··· Source records

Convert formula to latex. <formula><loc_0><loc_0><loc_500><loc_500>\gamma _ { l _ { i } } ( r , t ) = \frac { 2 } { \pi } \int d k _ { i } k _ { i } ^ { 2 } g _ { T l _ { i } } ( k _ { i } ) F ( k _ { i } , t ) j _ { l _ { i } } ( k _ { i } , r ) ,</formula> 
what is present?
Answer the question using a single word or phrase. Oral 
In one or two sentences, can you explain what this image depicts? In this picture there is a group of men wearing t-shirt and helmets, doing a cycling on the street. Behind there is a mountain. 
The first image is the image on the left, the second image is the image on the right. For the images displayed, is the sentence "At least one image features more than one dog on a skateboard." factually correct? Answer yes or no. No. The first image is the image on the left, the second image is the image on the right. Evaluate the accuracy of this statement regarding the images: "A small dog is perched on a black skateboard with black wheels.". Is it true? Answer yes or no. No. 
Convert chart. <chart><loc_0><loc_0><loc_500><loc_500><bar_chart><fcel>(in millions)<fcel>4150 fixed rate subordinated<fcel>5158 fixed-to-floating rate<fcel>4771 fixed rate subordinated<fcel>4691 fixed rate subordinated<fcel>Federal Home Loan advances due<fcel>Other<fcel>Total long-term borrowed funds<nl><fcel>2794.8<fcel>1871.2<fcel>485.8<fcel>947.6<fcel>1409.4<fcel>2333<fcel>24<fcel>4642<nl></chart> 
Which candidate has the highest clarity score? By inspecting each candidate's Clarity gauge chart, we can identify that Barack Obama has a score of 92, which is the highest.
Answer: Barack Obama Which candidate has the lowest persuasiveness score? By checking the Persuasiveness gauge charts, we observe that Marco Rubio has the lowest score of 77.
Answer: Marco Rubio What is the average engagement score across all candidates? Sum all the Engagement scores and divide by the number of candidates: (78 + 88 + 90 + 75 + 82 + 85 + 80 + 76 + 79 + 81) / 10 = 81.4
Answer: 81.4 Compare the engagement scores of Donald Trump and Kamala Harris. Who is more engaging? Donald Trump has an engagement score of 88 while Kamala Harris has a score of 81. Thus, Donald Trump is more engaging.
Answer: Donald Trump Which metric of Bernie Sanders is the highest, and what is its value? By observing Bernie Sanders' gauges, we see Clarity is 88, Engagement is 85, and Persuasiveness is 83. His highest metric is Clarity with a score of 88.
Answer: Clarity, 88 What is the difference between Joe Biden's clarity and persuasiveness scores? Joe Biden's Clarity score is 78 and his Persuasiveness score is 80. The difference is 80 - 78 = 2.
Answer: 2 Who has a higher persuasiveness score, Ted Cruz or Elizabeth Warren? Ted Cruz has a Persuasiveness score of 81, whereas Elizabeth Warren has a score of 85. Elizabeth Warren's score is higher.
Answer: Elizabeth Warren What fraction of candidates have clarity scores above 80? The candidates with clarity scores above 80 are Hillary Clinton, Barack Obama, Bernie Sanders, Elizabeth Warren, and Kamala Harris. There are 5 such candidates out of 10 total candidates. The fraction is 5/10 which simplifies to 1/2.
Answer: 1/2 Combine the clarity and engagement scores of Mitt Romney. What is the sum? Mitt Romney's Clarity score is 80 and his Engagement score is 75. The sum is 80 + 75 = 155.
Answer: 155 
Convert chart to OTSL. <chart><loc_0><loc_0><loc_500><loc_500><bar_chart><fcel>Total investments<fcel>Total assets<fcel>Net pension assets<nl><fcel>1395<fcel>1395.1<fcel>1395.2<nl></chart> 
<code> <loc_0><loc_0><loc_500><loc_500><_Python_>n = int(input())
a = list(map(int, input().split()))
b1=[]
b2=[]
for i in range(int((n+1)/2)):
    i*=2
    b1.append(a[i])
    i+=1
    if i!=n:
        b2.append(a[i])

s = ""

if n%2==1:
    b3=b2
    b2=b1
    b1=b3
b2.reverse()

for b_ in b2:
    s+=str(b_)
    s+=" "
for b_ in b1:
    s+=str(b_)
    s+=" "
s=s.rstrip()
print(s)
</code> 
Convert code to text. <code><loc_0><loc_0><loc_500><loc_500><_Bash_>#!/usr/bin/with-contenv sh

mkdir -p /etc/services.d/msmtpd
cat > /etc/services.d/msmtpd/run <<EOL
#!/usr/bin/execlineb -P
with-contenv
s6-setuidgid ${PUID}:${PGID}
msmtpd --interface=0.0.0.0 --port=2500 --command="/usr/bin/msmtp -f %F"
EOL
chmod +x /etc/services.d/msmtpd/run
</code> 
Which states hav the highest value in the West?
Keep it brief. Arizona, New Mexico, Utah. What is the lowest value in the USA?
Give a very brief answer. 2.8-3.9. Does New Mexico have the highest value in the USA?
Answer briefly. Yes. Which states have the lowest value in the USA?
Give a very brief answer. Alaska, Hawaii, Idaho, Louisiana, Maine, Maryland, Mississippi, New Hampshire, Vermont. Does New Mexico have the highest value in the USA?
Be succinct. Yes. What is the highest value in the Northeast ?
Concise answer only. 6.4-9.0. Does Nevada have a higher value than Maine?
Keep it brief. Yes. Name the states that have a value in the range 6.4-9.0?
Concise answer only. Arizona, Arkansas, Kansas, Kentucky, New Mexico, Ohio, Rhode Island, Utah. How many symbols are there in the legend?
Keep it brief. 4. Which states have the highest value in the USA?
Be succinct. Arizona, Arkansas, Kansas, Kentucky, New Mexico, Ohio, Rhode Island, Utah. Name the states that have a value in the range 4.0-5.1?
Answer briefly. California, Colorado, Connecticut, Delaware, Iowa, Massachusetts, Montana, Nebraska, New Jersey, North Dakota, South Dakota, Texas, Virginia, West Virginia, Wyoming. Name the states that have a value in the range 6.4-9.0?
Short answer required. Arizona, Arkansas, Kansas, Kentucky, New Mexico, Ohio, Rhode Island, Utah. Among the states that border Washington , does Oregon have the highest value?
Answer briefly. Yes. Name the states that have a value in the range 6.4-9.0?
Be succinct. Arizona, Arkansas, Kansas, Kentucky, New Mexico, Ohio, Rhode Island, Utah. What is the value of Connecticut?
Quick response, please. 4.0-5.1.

······

[The problem]:
From the opening line of the data above, please print each line as written up to and including the line that contains "Answer the question", and nothing more.

[Exercise output]:
Convert formula to latex. <formula><loc_0><loc_0><loc_500><loc_500>\gamma _ { l _ { i } } ( r , t ) = \frac { 2 } { \pi } \int d k _ { i } k _ { i } ^ { 2 } g _ { T l _ { i } } ( k _ { i } ) F ( k _ { i } , t ) j _ { l _ { i } } ( k _ { i } , r ) ,</formula> 
what is present?
Answer the question using a single word or phrase. Oral 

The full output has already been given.